> Aim of the exercise: Go to the line with "text Inside a <simpletable>" in the entries below and write out every line from there through the line with "table_header 2017 [865, 939, 976, 964]", exactly and without pictures.

== Segment start ==

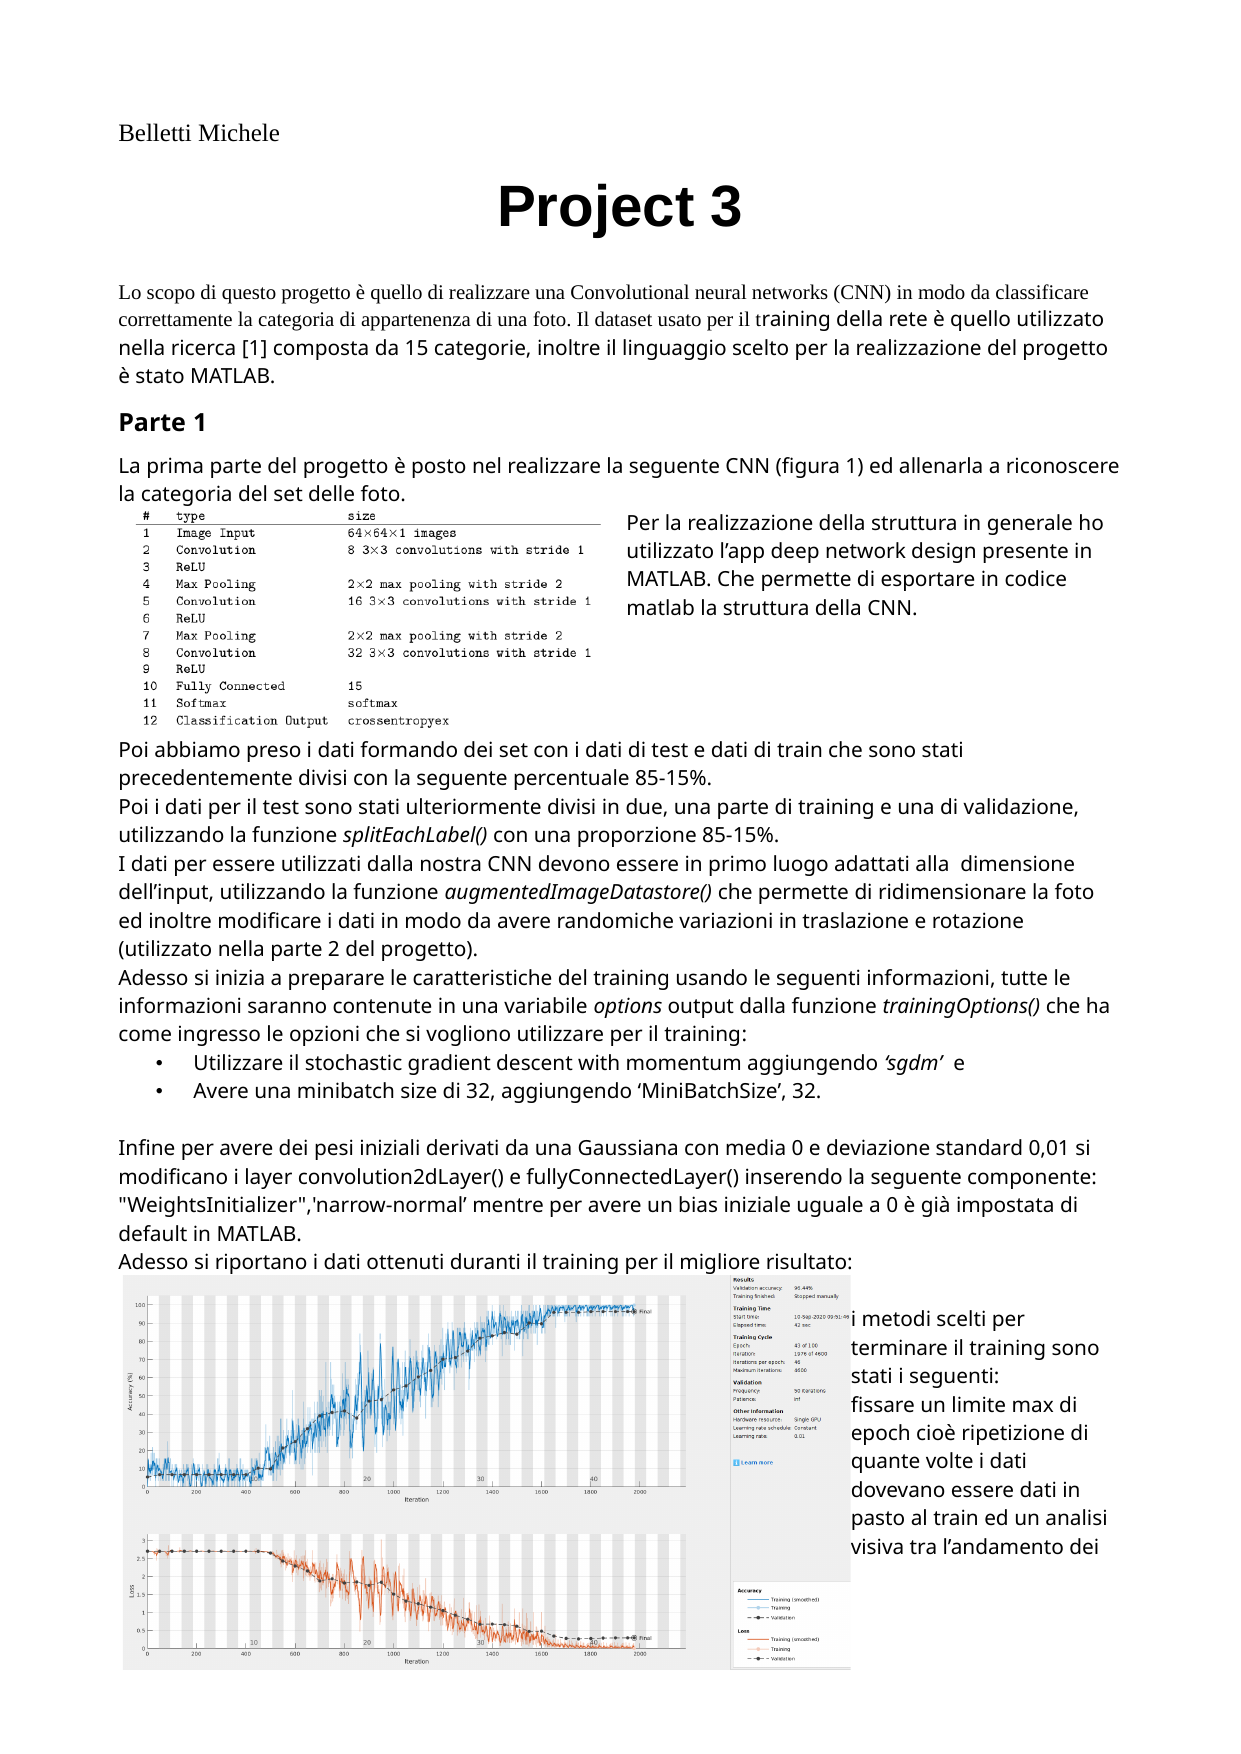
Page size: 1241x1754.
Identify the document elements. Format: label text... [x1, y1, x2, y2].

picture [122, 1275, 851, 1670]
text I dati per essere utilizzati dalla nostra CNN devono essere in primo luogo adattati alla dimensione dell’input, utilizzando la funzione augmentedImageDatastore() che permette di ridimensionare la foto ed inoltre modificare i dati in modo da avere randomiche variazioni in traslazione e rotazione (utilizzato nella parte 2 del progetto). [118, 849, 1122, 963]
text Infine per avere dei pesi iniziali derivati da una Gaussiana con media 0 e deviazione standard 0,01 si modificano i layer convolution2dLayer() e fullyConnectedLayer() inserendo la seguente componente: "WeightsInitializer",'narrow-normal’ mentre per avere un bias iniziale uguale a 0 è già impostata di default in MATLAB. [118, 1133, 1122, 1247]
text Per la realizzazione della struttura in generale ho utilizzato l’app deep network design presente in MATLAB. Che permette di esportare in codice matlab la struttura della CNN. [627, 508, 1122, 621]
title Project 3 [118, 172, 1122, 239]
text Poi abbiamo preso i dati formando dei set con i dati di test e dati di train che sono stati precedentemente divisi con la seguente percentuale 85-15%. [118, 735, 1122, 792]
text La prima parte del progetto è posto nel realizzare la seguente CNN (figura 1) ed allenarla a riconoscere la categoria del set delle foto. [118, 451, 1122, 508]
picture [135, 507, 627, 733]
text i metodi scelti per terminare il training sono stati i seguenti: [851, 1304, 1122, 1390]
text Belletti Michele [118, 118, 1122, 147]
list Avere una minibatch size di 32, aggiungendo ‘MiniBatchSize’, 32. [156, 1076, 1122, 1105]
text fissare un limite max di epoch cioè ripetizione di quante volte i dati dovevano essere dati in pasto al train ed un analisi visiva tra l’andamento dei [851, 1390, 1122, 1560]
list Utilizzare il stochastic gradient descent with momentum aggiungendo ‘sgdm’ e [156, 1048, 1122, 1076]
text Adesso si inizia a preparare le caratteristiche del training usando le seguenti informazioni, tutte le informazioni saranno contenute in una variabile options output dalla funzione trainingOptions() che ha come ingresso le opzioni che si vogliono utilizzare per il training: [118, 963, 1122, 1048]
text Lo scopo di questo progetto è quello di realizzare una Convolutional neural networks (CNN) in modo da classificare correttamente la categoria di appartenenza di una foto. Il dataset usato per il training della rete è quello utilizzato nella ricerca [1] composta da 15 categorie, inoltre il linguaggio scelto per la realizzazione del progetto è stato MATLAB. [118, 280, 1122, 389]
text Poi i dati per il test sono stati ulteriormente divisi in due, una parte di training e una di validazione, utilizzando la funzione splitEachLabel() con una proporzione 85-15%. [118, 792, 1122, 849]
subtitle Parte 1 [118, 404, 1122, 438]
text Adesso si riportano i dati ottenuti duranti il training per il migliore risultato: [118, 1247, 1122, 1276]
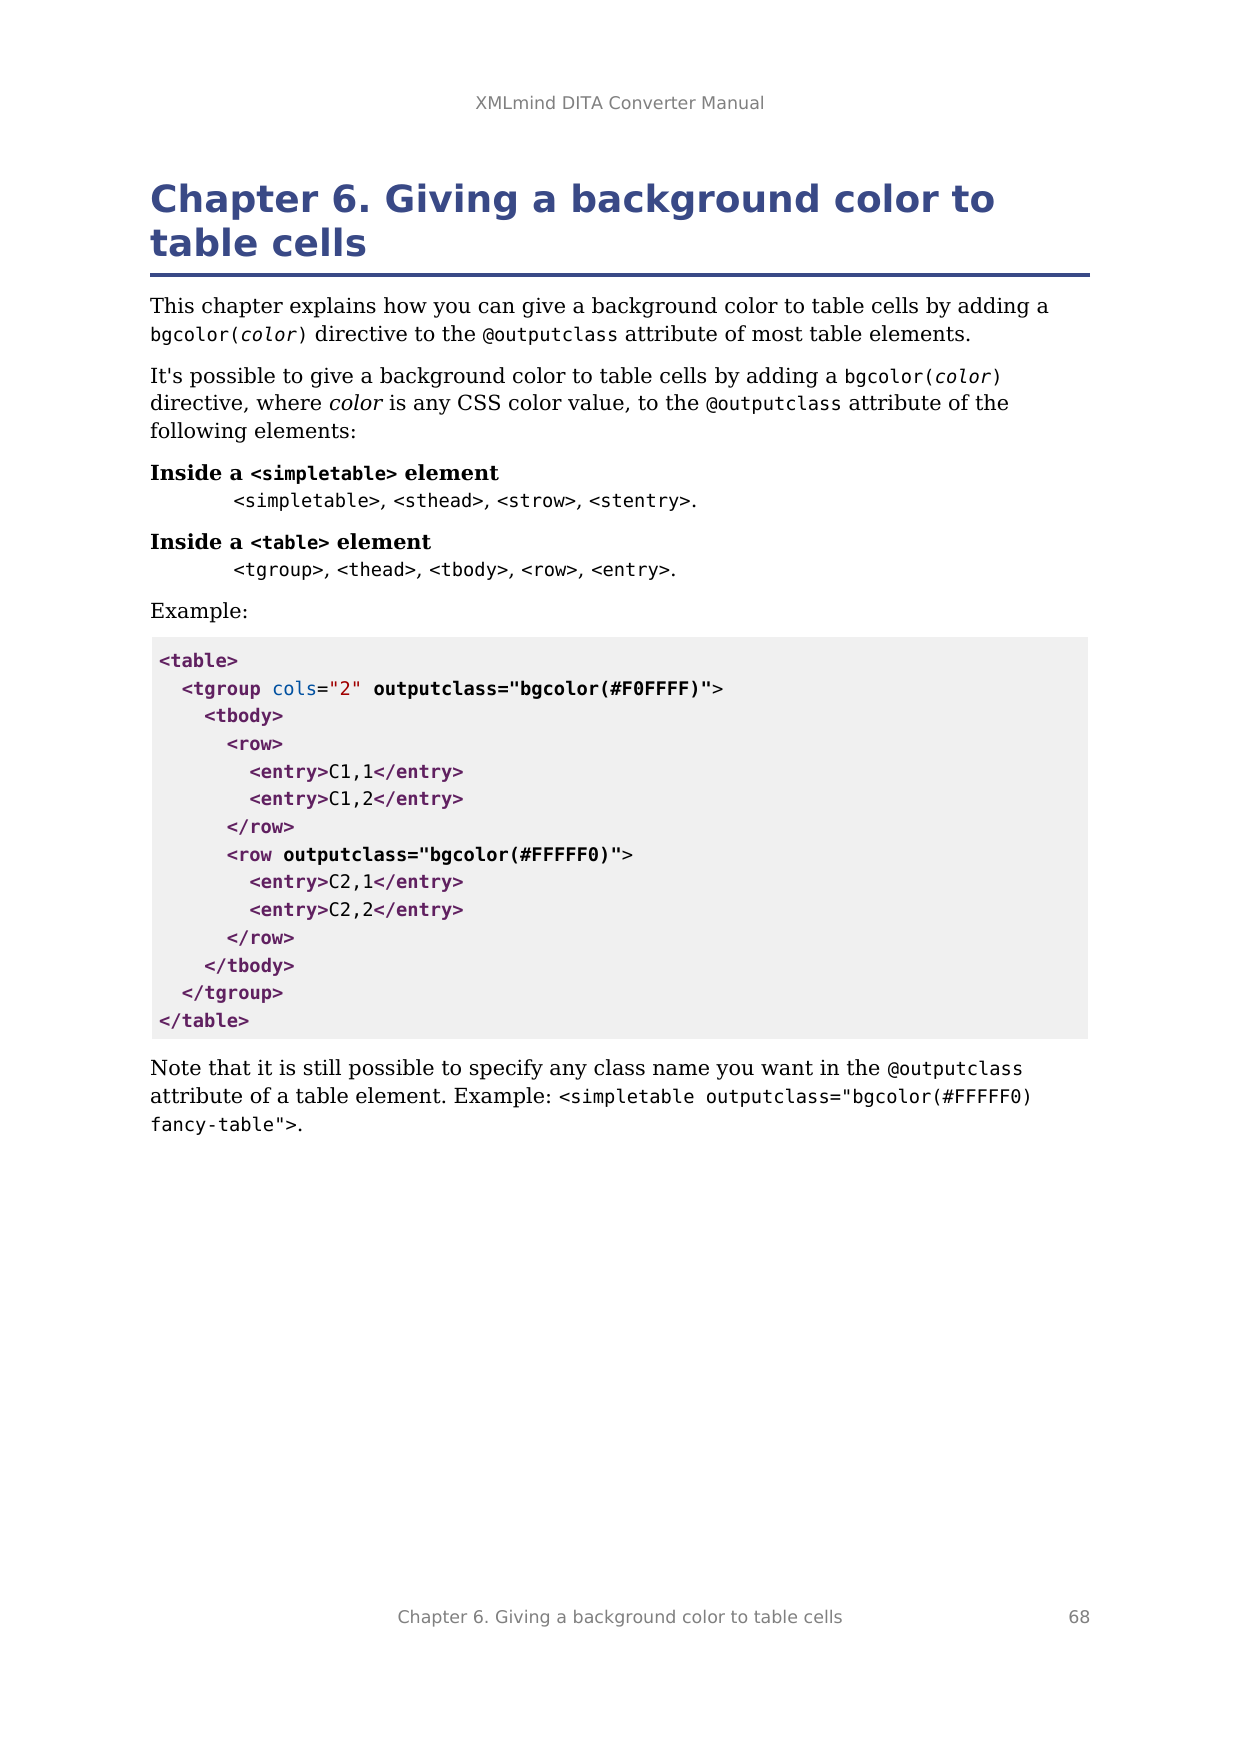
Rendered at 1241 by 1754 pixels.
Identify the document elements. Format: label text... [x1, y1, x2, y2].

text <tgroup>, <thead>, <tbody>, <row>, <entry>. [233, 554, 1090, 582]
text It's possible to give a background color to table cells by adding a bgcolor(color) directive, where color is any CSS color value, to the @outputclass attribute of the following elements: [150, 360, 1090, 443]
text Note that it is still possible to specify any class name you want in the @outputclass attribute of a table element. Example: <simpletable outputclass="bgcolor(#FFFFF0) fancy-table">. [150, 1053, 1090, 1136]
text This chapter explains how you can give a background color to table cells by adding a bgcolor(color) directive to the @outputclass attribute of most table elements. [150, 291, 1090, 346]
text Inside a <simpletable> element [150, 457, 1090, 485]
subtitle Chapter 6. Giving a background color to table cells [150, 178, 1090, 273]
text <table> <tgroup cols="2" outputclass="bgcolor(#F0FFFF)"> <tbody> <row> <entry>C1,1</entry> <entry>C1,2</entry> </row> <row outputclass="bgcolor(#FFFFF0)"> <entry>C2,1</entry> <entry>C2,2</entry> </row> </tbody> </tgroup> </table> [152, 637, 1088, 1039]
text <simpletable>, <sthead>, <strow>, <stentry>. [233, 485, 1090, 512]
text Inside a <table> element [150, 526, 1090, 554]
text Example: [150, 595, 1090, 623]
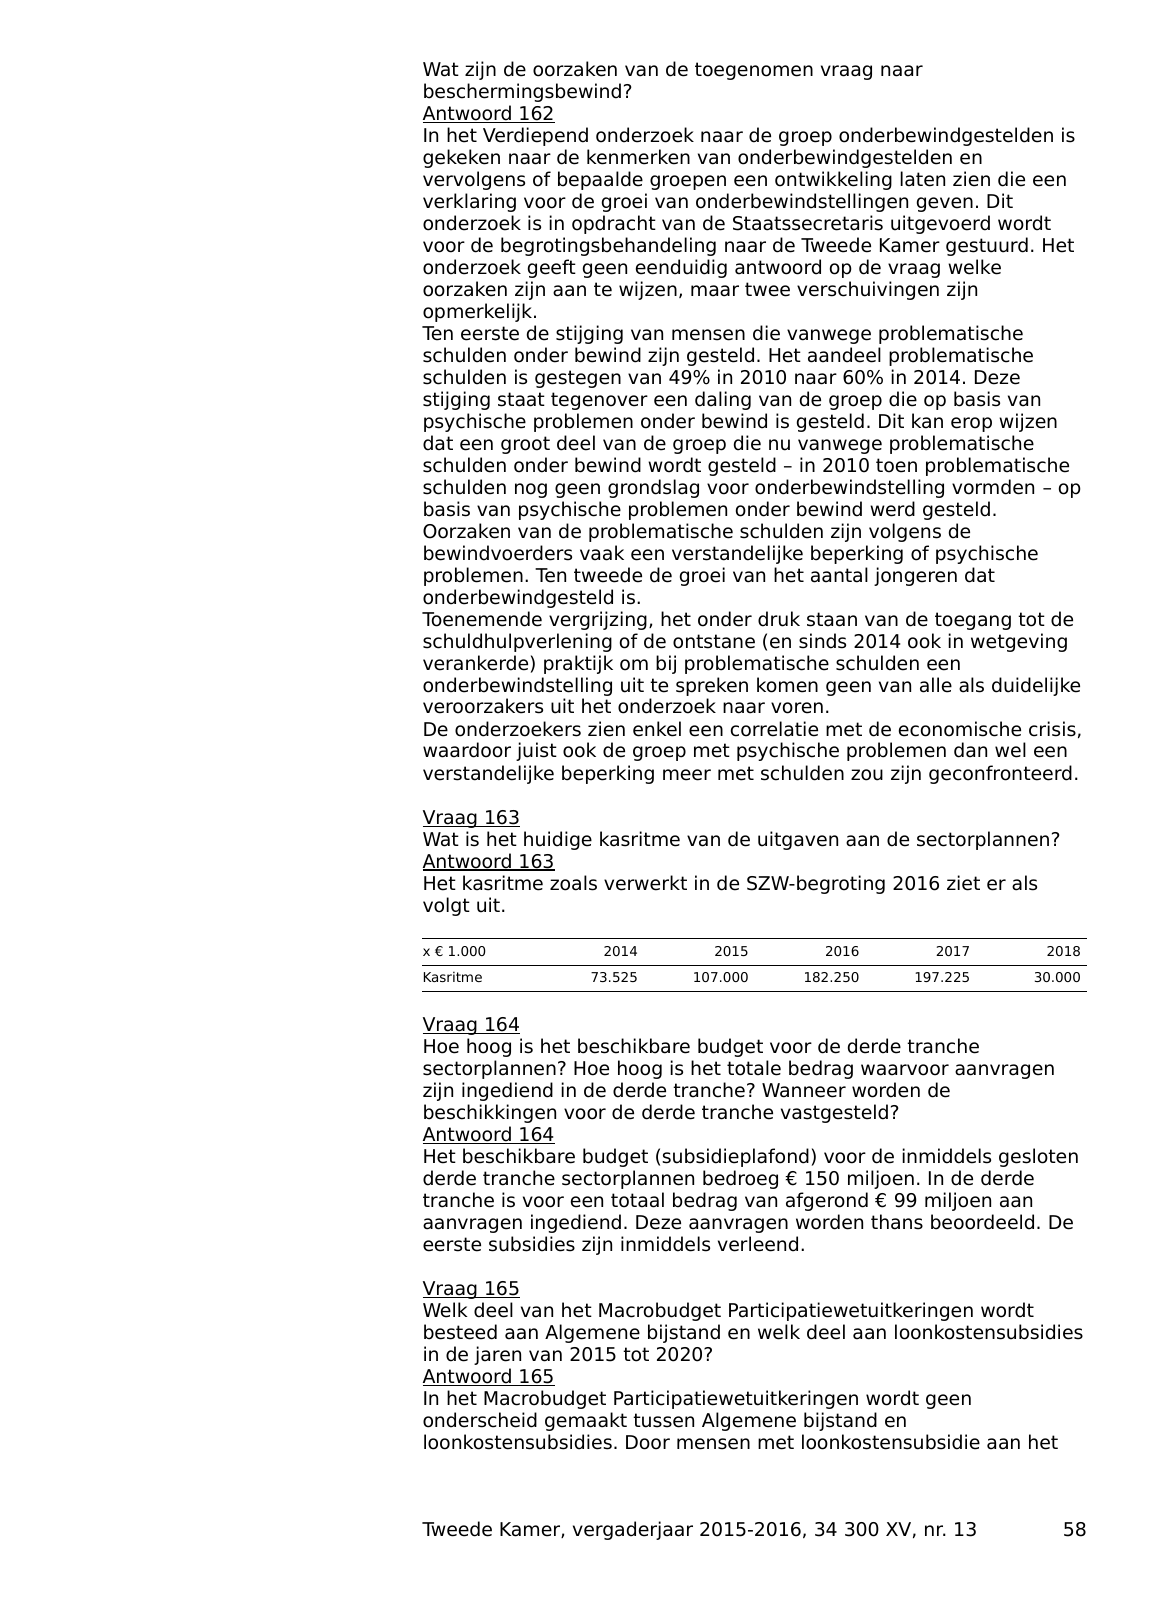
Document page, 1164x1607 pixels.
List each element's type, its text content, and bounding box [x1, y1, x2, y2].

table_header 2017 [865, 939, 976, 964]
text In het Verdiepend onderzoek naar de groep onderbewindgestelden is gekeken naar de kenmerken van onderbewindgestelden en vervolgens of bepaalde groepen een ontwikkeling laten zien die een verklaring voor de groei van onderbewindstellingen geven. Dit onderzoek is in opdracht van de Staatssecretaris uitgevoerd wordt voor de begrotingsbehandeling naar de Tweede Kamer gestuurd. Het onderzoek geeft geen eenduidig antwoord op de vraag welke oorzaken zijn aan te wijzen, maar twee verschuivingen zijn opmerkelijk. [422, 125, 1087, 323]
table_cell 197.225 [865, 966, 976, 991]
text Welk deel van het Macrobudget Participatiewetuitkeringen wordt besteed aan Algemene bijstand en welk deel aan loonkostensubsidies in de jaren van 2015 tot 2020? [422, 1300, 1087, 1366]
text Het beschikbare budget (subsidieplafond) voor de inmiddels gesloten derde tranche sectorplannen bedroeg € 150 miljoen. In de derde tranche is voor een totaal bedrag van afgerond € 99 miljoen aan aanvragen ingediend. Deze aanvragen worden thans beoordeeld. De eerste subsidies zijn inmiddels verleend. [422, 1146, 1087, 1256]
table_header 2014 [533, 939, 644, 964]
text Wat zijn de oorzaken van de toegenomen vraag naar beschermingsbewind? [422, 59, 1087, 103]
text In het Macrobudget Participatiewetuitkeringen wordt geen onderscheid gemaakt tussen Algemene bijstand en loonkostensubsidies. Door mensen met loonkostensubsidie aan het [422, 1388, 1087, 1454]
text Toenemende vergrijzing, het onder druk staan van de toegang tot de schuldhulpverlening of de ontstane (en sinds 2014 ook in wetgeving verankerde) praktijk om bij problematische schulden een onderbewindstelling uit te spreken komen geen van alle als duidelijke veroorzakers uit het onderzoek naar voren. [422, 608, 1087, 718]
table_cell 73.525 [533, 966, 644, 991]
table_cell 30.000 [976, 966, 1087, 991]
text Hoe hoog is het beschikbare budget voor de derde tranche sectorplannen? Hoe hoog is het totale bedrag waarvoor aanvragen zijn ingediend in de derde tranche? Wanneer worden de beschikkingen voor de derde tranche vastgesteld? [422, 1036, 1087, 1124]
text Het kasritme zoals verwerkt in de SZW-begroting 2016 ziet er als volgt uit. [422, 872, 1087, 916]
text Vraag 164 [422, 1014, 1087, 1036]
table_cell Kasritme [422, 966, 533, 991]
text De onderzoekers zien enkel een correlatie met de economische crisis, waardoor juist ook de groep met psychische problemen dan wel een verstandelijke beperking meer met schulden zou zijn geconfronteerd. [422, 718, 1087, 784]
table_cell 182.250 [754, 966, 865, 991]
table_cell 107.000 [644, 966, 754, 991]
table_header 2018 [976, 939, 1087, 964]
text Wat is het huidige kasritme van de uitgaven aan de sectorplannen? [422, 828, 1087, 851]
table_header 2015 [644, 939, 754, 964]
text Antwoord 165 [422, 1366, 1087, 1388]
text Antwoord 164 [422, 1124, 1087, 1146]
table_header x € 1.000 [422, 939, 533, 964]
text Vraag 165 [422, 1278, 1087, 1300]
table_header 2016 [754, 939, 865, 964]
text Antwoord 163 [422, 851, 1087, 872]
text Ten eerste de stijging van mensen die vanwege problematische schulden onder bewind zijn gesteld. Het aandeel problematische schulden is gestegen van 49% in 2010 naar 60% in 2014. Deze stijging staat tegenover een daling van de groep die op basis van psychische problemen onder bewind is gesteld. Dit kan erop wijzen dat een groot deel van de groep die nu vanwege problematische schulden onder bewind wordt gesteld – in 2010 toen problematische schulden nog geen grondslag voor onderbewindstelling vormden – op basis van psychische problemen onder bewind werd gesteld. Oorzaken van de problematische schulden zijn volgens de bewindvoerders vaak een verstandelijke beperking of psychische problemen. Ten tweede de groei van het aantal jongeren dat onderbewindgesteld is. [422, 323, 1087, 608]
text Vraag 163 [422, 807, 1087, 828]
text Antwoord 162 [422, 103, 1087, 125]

== Segment end ==

> Written answer:
text Inside a <simpletable> element [150, 457, 1090, 485]
subtitle Chapter 6. Giving a background color to table cells [150, 178, 1090, 273]
text <table> <tgroup cols="2" outputclass="bgcolor(#F0FFFF)"> <tbody> <row> <entry>C1,1</entry> <entry>C1,2</entry> </row> <row outputclass="bgcolor(#FFFFF0)"> <entry>C2,1</entry> <entry>C2,2</entry> </row> </tbody> </tgroup> </table> [152, 637, 1088, 1039]
text <simpletable>, <sthead>, <strow>, <stentry>. [233, 485, 1090, 512]
text Inside a <table> element [150, 526, 1090, 554]
text Example: [150, 595, 1090, 623]
Document page, 1164x1607 pixels.
List each element's type, its text content, and bounding box [x1, y1, x2, y2].

table_header 2017 [865, 939, 976, 964]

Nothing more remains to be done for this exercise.